After the Titanic sank some of the survivors were brought through Ellis Island in New York. My Nana..my mother's mother...was 7 years old, and she had just landed on Ellis Island with her family from Poland (where they had nearly starved to death before coming to New York). She remembered seeing...these were her words...beautiful ladies in long fur coats with some other people quietly walking by. They looked sad then happy when other people came to hug them and help them. She remembered being told the sad people were on a big ship that had an accident, and now they were going home. It was the Titanic.
amazing!
I am so sorry your nana was nearly starving back in Europe. No wonder people were so glad to move to America.
Crazy.
They have pictures of the lifeboats on the docks in NYC.
sad
@@pinkiesue849 History of nations invading Poland. """""""""""Why did people leave Poland in 1912?
Immigrants believed that America offered jobs and hopes that problem-ridden Poland did not offer. With nation-wide economic troubles, famines, and religious persecution back at home, immigrants fled to America with hopes of finding prosperity and acceptance."""""""
Not based in reality though as Titanic survivors were spared immigration processing at Ellis Island and were processed dockside in NYC. Captain Rostron of the rescue ship Carpathia humanely felt they had been thru enough trauma.
One of the most impactant reactions of the 1997 movie is that of Michel Navatril (one of the Titanic orphans and the last male Titanic survivor to pass away).
He asked to watch it privately, and loved the sailing sequences and the atmosphere of glory and joy it sparkled, but at the sinking he “immersed on what his father may had experienced that night” and cried.
And then he saw Fabrizio's acting and cried some more.
@@kev3dawww come on leave poor Fabrizio alone. Hasn’t he suffered enough?

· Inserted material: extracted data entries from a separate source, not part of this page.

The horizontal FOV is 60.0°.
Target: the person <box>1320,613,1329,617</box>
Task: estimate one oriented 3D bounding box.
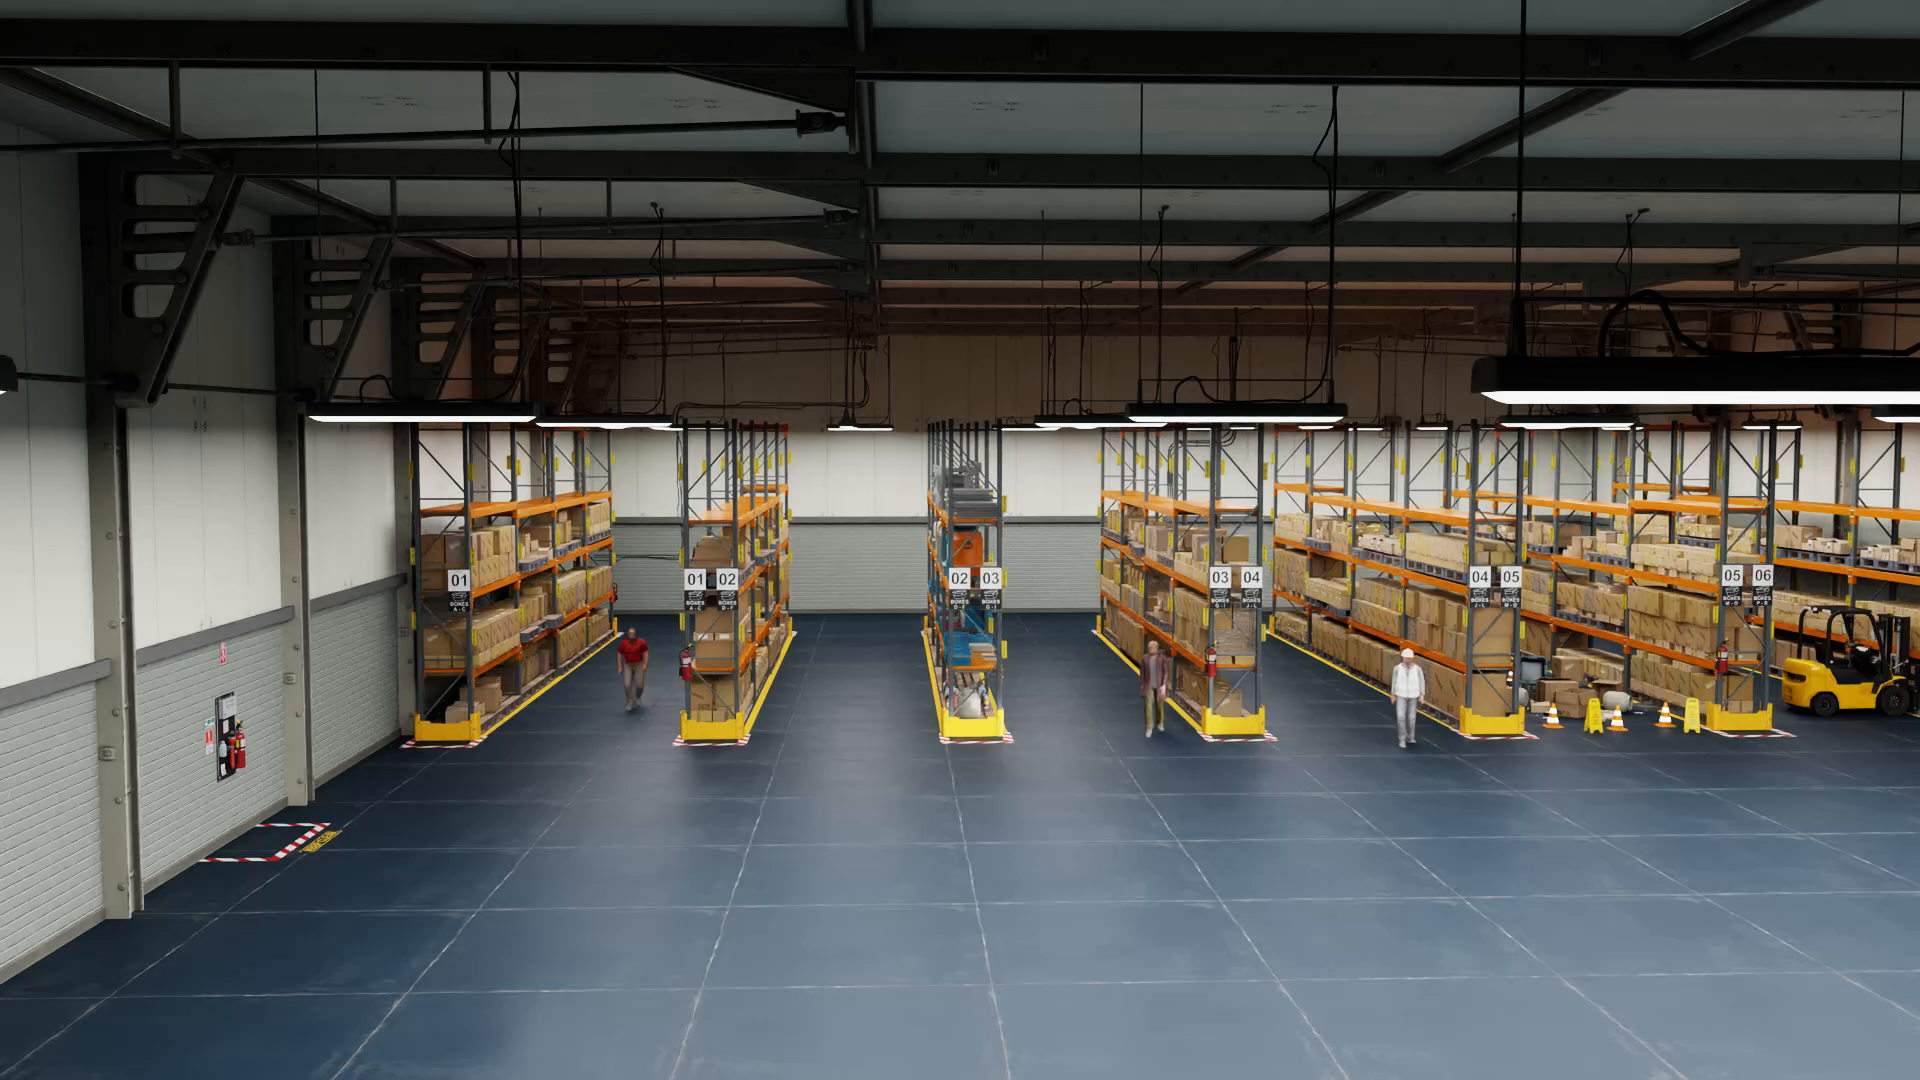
[{"bbox_3d":[11.093,1.710,50.403,0.940,1.548,0.559,-3,4,-34],"label":"person"}]

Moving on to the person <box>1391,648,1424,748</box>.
[{"bbox_3d":[8.227,2.891,30.548,0.582,1.799,0.612,1,4,15],"label":"person"}]

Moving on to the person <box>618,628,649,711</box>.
[{"bbox_3d":[-6.808,2.661,34.657,0.636,1.714,0.619,0,4,-5],"label":"person"}]

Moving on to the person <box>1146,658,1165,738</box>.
[{"bbox_3d":[3.693,2.943,31.658,0.548,1.532,0.870,1,4,16],"label":"person"}]

@@cliff9685Smoke kills is what they say right
@@cliff9685 Some things just cannot be forgiven. For example: "I cana alreadya see the Statue ah Leeberty. Of course, shesa very asmall."
Christ.
Great video, Mike! If I may, I'd like to add another survivor's opinion of the films. When I was 13 years old, the film 'Raise The Titanic' was released. I discovered there was a Titanic survivor who lived five minutes away from me, and his number was in the phone book. My dad suggested I call him and ask if he would be so kind as to sit down and chat with me, and that happened. Marshall Drew was 8 years old, traveling second class with his aunt and uncle. Sadly, his uncle perished. First, I had asked if he'd seen 'Raise The Titanic', which I had seen opening week. He said he did, and he thought the special effects were wonderful, but I do remember him saying that it most likely would NOT happen in real life IF (big word then) they ever found the ship. I asked him if he had seen both the 1953 'Titanic' and 'A Night To Remember' (which I had on TV, mind this is before VHS) and he said he had, but he far preferred 'A Night To Remember' as he thought the Hollywood film was too much like a soap opera that happens to take place on the Titanic. I agreed, there were far too many interesting REAL stories about the people on that ship, it was unnecessary to make some up. Sorry, Mister Cameron. Mr. Drew passed away in 1986, but I'll never forget that kindness and the stories he shared on that afternoon.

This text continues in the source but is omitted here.